Ma lui non rispose, si trovava in un particolare stato di coscienza in cui tutto era buio e si sentiva solo il profumo della pelle di Inej. La sentì strizzare la spugna, e con tocchi leggerissimi tamponargliela sulle ferite che aveva nel petto. L’acqua era gelida, e gli fece venire la pelle d’oca. Venne anche a lei, e sentì il suo respiro accelerare. Quand’era frastornato, quando il contatto con la realtà si faceva labile, come era successo qualche notte prima, diventava più facile per lui stare a contatto con la pelle di Inej. Il ricordo di Jordie si faceva lontano, piccolo, rispetto a tutte le sensazioni che gli esplodevano in corpo. Lei intanto continuava, bagnava la spugna nella tinozza, la strizzava, e poi la passava sulle sue ferite. Ora si era spostata sulla nuca, dove un Centesimo di Leone aveva tentato di affondargli una lama, e poi cercò dei tagli sulle braccia, ma quelle erano state risparmiate. Kaz si scoprì a mordicchiare la sua pelle. Inej gli mise la sua mano minuta sotto al mento, costringendolo ad alzare il capo. Ora si guardavano negli occhi, ma solo perché lo sosteneva lei, altrimenti lui sarebbe crollato. Lo esaminava con attenzione, le sue gote erano un po’ accaldate. Gli passò la spugna su tutto il viso, come una carezza. Voleva baciarla. Moltissimo. Ma aveva ancora la sua mano a sostenergli il mento, e il viso sembrava non voler rispondere ai comandi. Voleva avvicinarsi, ma era il movimento più difficile che avesse mai tentato. Inej gli sorrise, e fu lei ad accostare le labbra alle sue. Si diedero un bacio leggero, e poi un altro, meno leggero, e sentì le loro lingue incontrarsi per dirsi tutto quello che erano incapaci di comunicare a parole. Provò a tirarla verso di sé, ma il dolore si irradiò ovunque. Al diavolo. Lei scosse la testa, sorridendo, e si alzò per svuotare la tinozza. Kaz intanto si gettò sul letto, la stanchezza lo stava ammazzando. La sentì tagliare della stoffa con un pugnale, e le sue dita rapide cominciarono ad avvolgere le fasciature intorno alle ferite. Voleva liberarsi dei pantaloni, armeggiò con la cintura e poi tentò di sfilarseli. La mano di Inej gli attraversò la gamba, mentre lo aiutava, il suo tocco lo fece sobbalzare.
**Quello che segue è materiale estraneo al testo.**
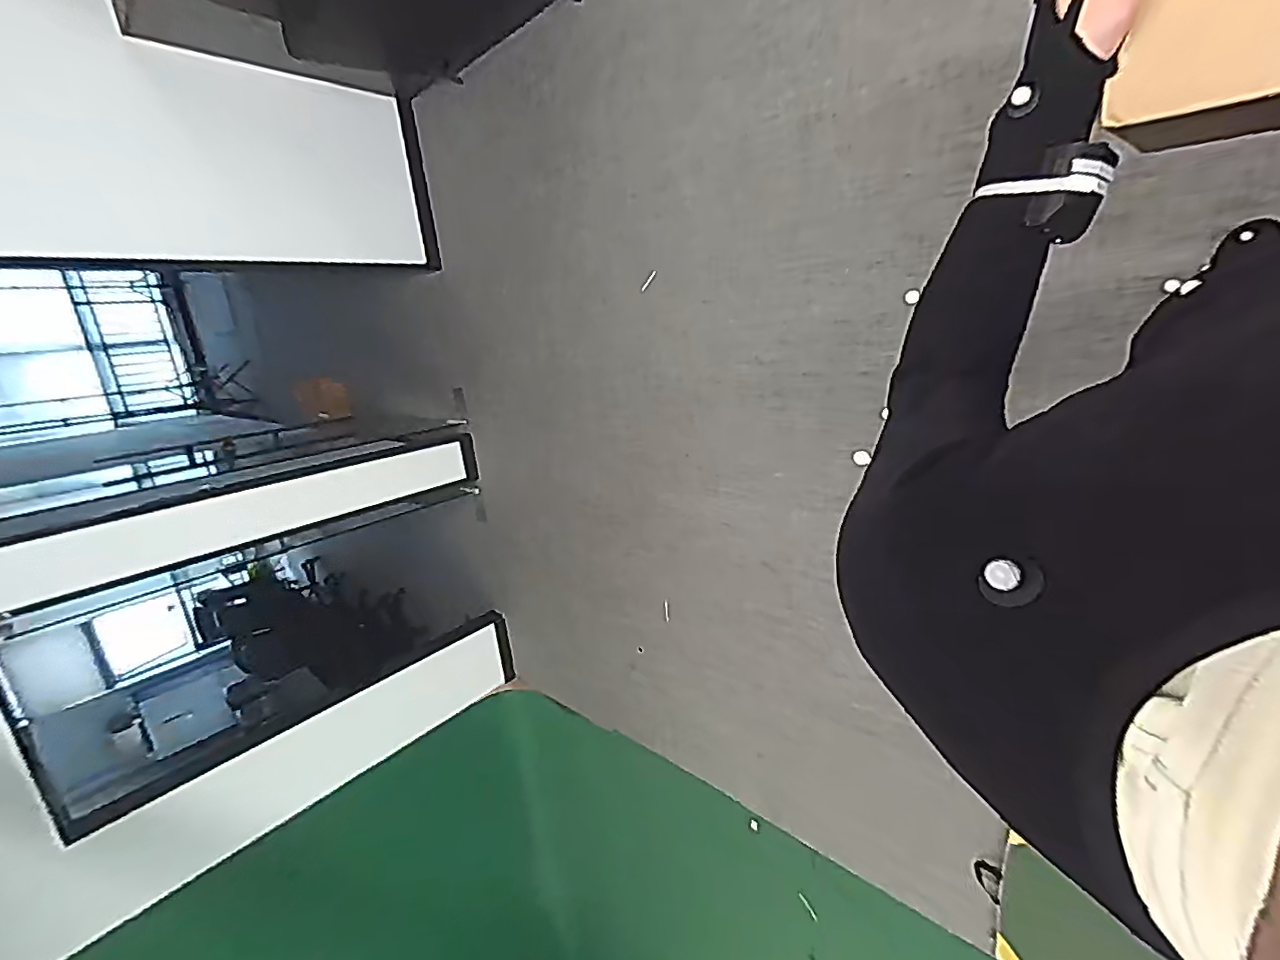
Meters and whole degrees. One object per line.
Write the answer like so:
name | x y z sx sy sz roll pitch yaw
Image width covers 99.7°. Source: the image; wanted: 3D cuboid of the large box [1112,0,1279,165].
large box | 0.600 -0.434 0.348 0.408 0.320 0.320 12 117 43
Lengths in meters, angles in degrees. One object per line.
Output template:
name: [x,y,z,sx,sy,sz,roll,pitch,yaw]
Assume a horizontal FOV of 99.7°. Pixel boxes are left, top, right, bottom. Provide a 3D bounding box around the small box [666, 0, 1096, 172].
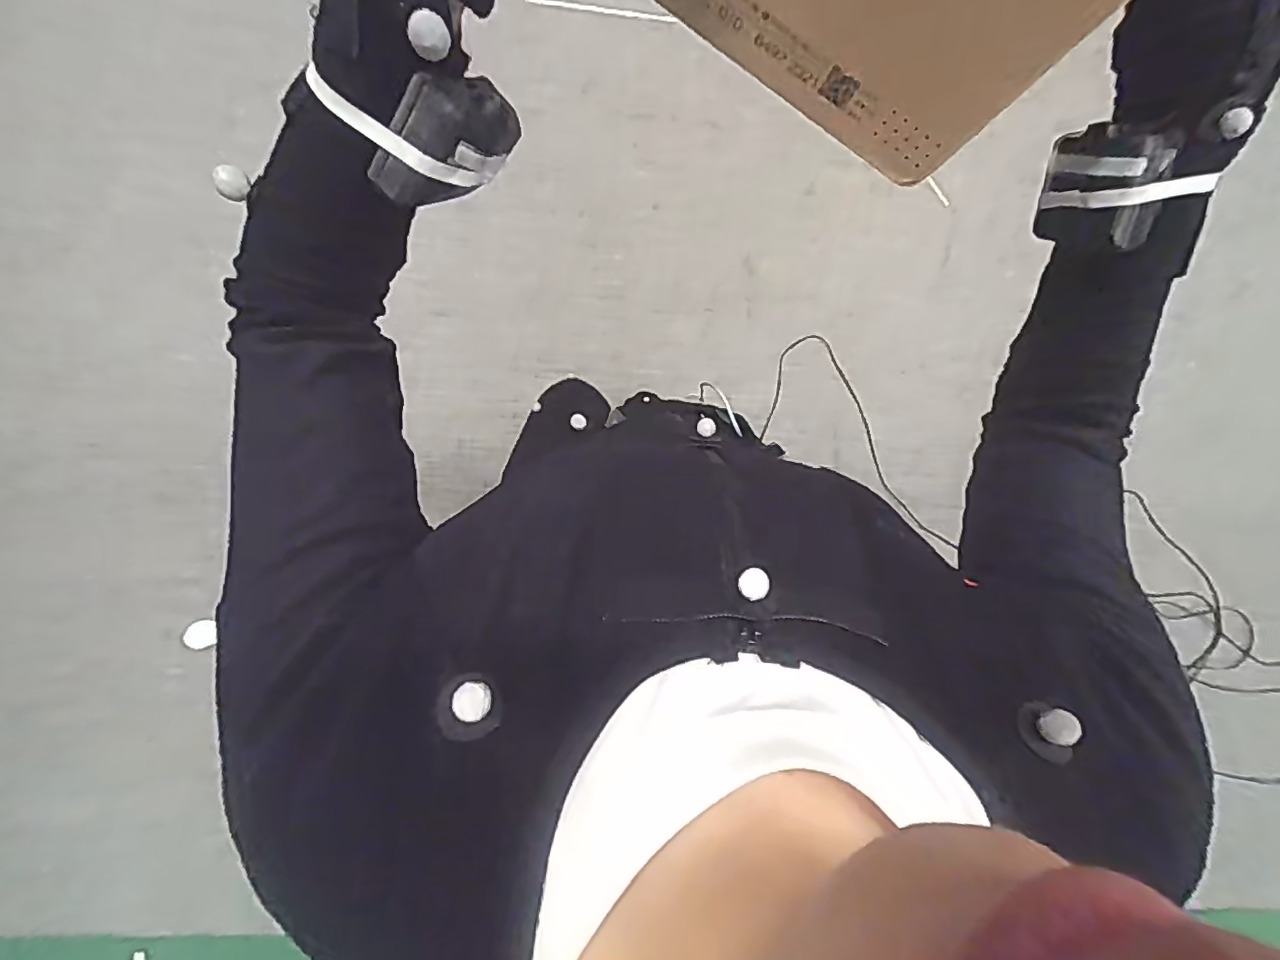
small box: [0.128,-0.278,0.213,0.168,0.176,0.179,31,75,-8]

— Tu vuoi uccidermi — boccheggiò. 

— Mi sembra che tu ci stia riuscendo benissimo da solo — gli rispose lei, mentre annodava l’ultima fasciatura. — Ho fatto — aggiunse — vado a cercare la Corporalki —.

— Resta con me — le disse in un sussurro. Lei era già vicina alla finestra. 

— Finché non ti addormenti, pazzo di un Brekker —.

— Accordato —. 

Si infilò sotto alle lenzuola, gli mise un braccio sotto al capo e lasciò che il viso di Kaz trovasse posto sotto al suo. S’intrecciarono, e non passarono cinque minuti che lo sentì abbandonarsi al sonno. Accarezzò il suo corpo a lungo, poiché non sapeva se al suo risveglio avrebbe potuto farlo di nuovo.